What the pseudo-light of  television does, for example, is present a notion of the world, both in fiction and biased newscasts, which at its most basic causes most people to live in fear: fear that sees the very earth itself as a dangerous reality because while earthquakes and hurricanes occur in a very narrow moment of time, they are replayed over and over and over. Same with airliner crashes, murders, terrorist acts and so forth.

Such events then become movies of the week!

We are exposed to a relentless diet of various forms of martial and extra-martial couplings; the insatiable greed of games shows; the sad spectacle of pseudo-apprentices learning no higher skill than being humiliated before an audience of millions of their brothers and sisters.

We are fed a diet of relativism by talking heads, not to mention the so-called family shows where milquetoast husbands/fathers appear semi-illiterate, while aggressive career wives/mothers, outshone by kids whom, frankly, my Grandfather would have known how to deal with!

No! Not by spanking but simply because he KNEW he was a man, an adult, and therefore knowing how secure he was in his own person he was very easy to respect, to listen to, to trust.

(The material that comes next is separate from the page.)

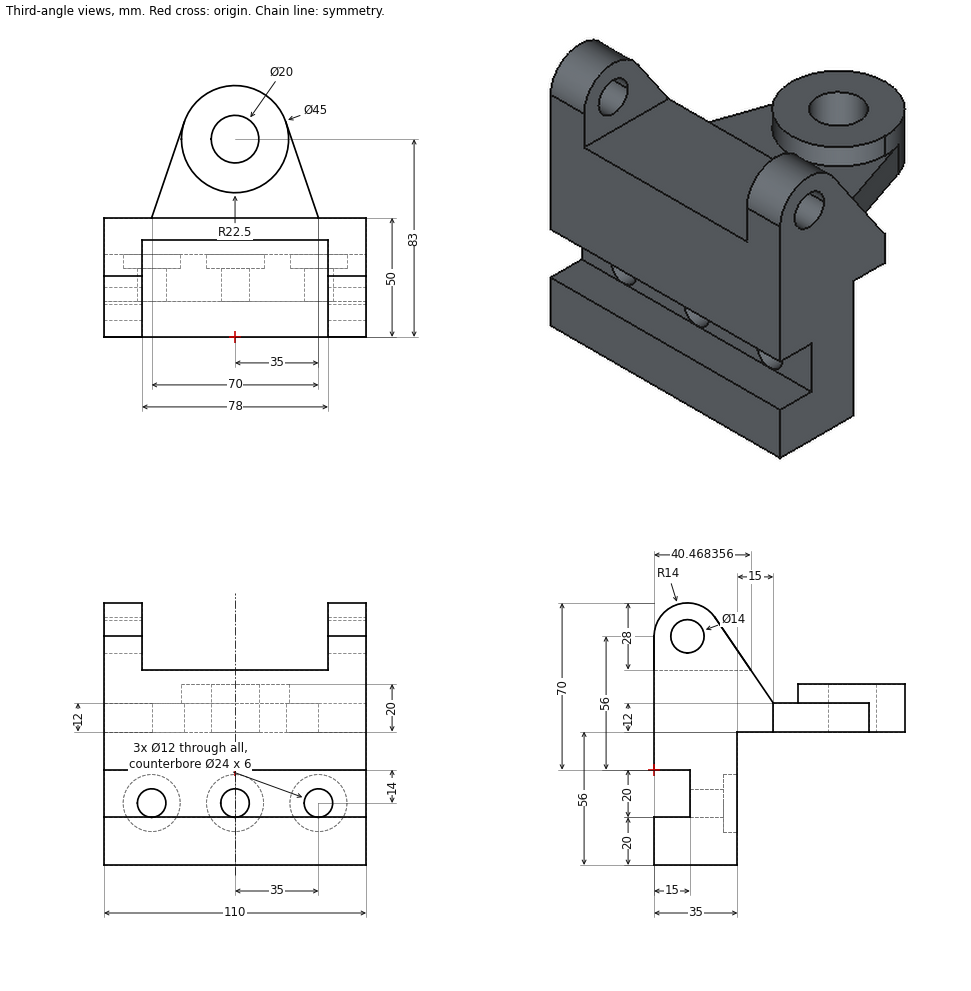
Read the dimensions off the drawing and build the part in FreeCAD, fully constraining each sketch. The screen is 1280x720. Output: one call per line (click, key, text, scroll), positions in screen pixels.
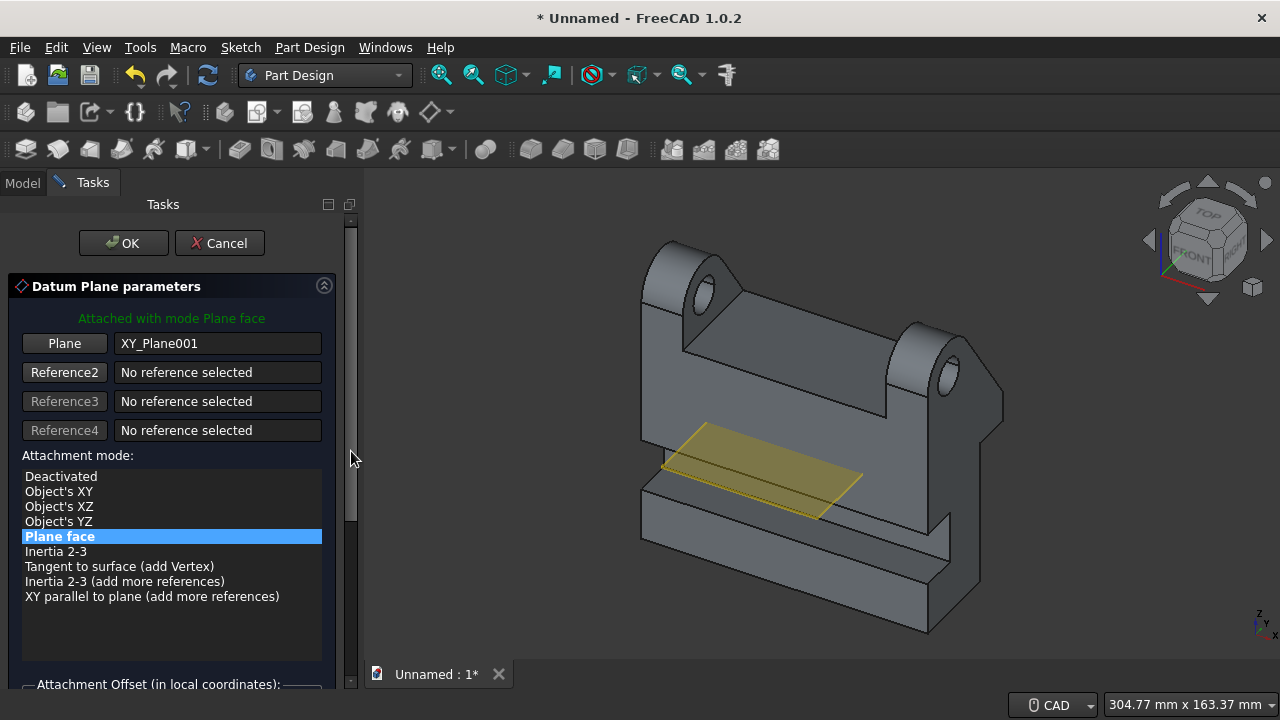
click(124, 243)

I remember watching a Star Trek the Next Generation show about some alien….
[ btw notice how all non-humans are aliens even though ‘they’ outnumber us….a lot of real human beings are dismissed by use of the term too.] …anyway his own people want to kill him and the point of the story is, as the alien says it: “Transfiguration!”

So – a key event and reality of the Person of Our Lord God and Saviour Jesus Christ, celebrated as a Solemnity of the Church each year [ also the day on which we used the ‘light and fire’ of an atomic bomb to ‘salt’ the earth with death ] becomes NOT something which, through His Sanctifying work, is the Holy Spirit’s to accomplish within the being of we children of the Light – but is simply a process of metamorphosis to which anyone can aspire without metanoia, conversion, change of heart.

The darkness is everywhere so it is perhaps more urgent than ever in human history that we, disciples of the Light who came into this world of darkness, Light-Bearers by Baptism, truly begin to take seriously the warning from Jesus that we have but a brief time within which to walk in the light and begin not only walking but shining our light, which is to shine Christ our Light, all around, pushing back as best we can the darkness of the culture of death.

That means not being afraid, it means taking up our cross, His cross, everyday and following Him who assures us that: My yoke is easy and My burden light.